Апостол Павел. Обоснование универсализма | страница 41
Заметим мимоходом, что Павел указывает на возможный четвертый дискурс, помимо греческого (мудрость), иудейского (знамения) и христианского (событийная декларация). Этот дискурс, который Паскаль попытается ввести в век классического разума, мог бы стать дискурсом чуда. Павел указывал на него как на дискурс субъективного восхваления. Это дискурс невыразимого, дискурс не-дискурса. В нем субъект предстает как мистическая глубина и безмолвие, обитаемый «невыразимыми словами» (arreta remata) что лучше всего, было бы перевести как «несказанность сказываемого»), очудотворенный субъект. Но эта четвертая субъективная фигура, раскалывающая апостола, не должна входить в декларацию, которая, напротив, подкрепляется бесславной слабостью. Она остается незадействованной, и Павел — в противоположность Паскалю — убежден, что христианский дискурс, похваляясь ею, ничего не выигрывает.
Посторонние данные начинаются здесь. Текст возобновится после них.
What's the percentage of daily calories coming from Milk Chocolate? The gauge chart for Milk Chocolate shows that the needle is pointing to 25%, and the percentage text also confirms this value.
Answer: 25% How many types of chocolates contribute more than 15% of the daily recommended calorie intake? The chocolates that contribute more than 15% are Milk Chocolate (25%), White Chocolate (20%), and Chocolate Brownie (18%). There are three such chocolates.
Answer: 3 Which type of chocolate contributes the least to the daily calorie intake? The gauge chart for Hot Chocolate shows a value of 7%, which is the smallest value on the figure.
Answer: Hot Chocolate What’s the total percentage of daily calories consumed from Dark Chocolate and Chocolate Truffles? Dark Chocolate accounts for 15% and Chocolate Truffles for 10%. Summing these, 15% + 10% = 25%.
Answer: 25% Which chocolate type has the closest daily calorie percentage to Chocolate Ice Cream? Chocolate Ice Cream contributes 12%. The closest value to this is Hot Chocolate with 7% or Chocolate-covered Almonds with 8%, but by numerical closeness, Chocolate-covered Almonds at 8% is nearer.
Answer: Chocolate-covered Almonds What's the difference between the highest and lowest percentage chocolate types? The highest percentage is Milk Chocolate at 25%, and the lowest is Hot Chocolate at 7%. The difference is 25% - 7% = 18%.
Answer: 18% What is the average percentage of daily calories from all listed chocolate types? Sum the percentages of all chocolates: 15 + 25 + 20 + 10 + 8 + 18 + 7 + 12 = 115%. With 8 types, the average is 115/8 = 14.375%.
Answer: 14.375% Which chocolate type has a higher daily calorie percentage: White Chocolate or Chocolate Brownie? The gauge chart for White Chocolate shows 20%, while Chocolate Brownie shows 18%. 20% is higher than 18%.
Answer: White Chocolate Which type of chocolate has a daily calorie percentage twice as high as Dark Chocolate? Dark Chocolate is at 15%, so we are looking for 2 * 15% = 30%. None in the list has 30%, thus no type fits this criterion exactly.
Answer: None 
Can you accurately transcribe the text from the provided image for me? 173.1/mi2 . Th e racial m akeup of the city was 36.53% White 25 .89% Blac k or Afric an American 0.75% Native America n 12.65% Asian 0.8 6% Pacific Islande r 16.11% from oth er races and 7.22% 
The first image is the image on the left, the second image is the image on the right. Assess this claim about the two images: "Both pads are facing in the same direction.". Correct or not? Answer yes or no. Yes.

Четвертый дискурс (чудесный или мистический) никому не адресован. Это значит, что он не смог бы войти в поле проповеди. Тем самым Павел оказывается большим рационалистом, чем Паскаль: попытки оправдать декларацию престижем чуда напрасны.
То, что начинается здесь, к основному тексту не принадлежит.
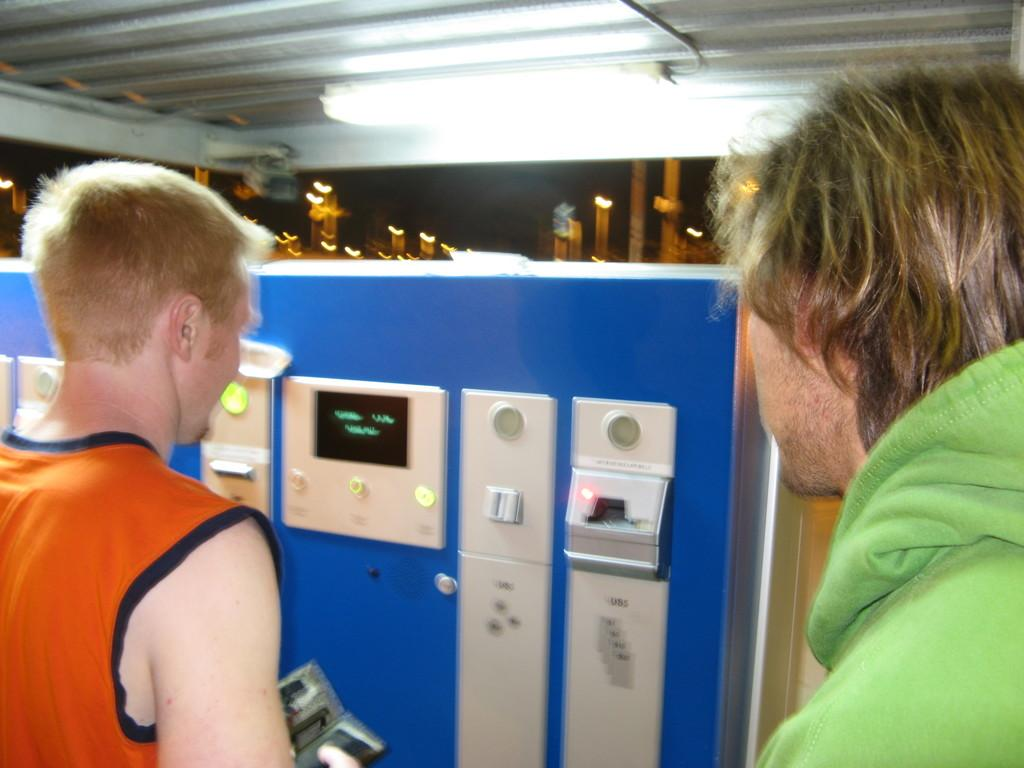How many people are present in the image? There are two people in the image. What is one person doing in the image? One person is holding an item. What type of device can be seen in the image? There is an electronic machine with a screen in the image. What can be observed in terms of lighting in the image? There are lights visible in the image. What type of behavior is the banana exhibiting in the image? There is no banana present in the image, so it cannot exhibit any behavior. 
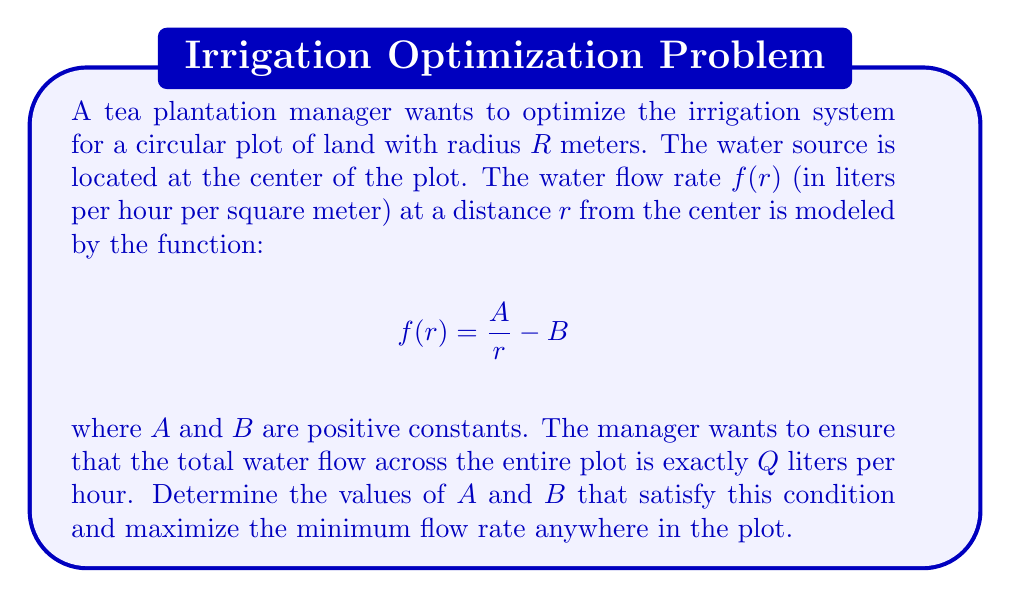Teach me how to tackle this problem. Let's approach this problem step by step:

1) First, we need to calculate the total water flow across the entire plot. This can be done by integrating the flow rate function over the circular area:

   $$Q = \int_0^R \int_0^{2\pi} f(r) \cdot r \, d\theta \, dr = 2\pi \int_0^R (A - Br) \, dr$$

2) Solving this integral:

   $$Q = 2\pi \left[Ar - \frac{Br^2}{2}\right]_0^R = 2\pi \left(AR - \frac{BR^2}{2}\right)$$

3) Now, we want to maximize the minimum flow rate. The flow rate decreases as $r$ increases, so the minimum flow rate occurs at $r = R$:

   $$f_{min} = f(R) = \frac{A}{R} - B$$

4) We have two equations and two unknowns. From the first equation:

   $$A = \frac{Q}{2\pi R} + \frac{BR}{2}$$

5) Substituting this into the equation for $f_{min}$:

   $$f_{min} = \frac{Q}{2\pi R^2} + \frac{B}{2} - B = \frac{Q}{2\pi R^2} - \frac{B}{2}$$

6) To maximize $f_{min}$, we need to maximize $\frac{Q}{2\pi R^2} - \frac{B}{2}$. Since $\frac{Q}{2\pi R^2}$ is constant, this is equivalent to minimizing $B$.

7) The smallest possible value for $B$ is when $A = BR$, which ensures that $f(r)$ is always positive. So:

   $$\frac{Q}{2\pi R} + \frac{BR}{2} = BR$$

8) Solving for $B$:

   $$B = \frac{Q}{\pi R^3}$$

9) And consequently:

   $$A = \frac{QR}{\pi R^3} = \frac{Q}{\pi R^2}$$

These values of $A$ and $B$ will satisfy the total flow condition and maximize the minimum flow rate.
Answer: The optimal values are:

$$A = \frac{Q}{\pi R^2}$$ and $$B = \frac{Q}{\pi R^3}$$

where $Q$ is the total desired flow rate in liters per hour and $R$ is the radius of the circular plot in meters.

Четвертый дискурс останется для Павла немым дополнением, замыкающимся на Другое субъекта. Он отвергает то, что адресованный дискурс, дискурс декларации и веры, аргументируется дискурсом не адресованным, сутью которого является несказанность сказываемого.
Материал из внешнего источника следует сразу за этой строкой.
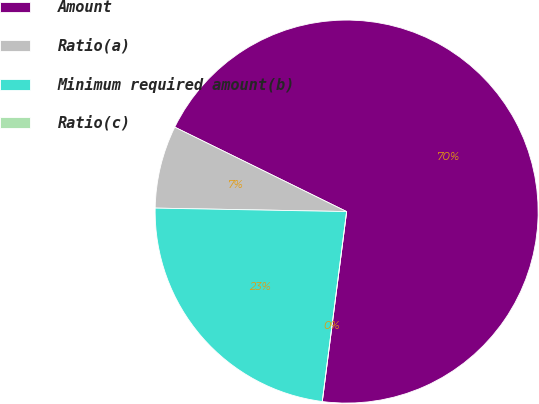Convert chart to OTSL. <chart><loc_0><loc_0><loc_500><loc_500><pie_chart><fcel>Amount<fcel>Ratio(a)<fcel>Minimum required amount(b)<fcel>Ratio(c)<nl><fcel>69.77%<fcel>6.98%<fcel>23.26%<fcel>0.0%<nl></chart> 
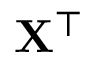<formula> <loc_0><loc_0><loc_500><loc_500>{ X ^ { \top } }</formula>

Я полагаю, что для всякого активиста истины в этом имеется важное указание. Напрасны попытки легитимизировать декларацию ссылками на интимные истоки чудесной коммуникации с истиной. Оставим истину в ее субъективной «без-гласности», ибо она конституируется только трудом ее декларации.
Я назвал бы «обскурантистским» всякий адресованный дискурс, пытающийся опираться на дискурс не адресованный. И надо определенно сказать, что Паскаль, когда он хочет обосновать превосходство христианства за счет чудес, без сомнения больший обскурант, чем Павел, поскольку он хочет скрыть чистое событие гипнотизирующим вольнодумца подсчетом шансов.
Очевидно, Павел не лишен хитрости, когда он дает понять — не навязывая, но и не умалчивая, — что сам он внутренне расколот на человека восхваления, «восхищенного» субъекта и человека «немощной» декларации. Но у него, в данном случае единственного из признанных апостолов, бесспорно есть анти-обскурнтисгское этическое измерение. Павел просто запрещает обосновывать христианскую декларацию невыразимым. Для него нестерпимо, когда христианский субъект обосновывает свои слова несказанным.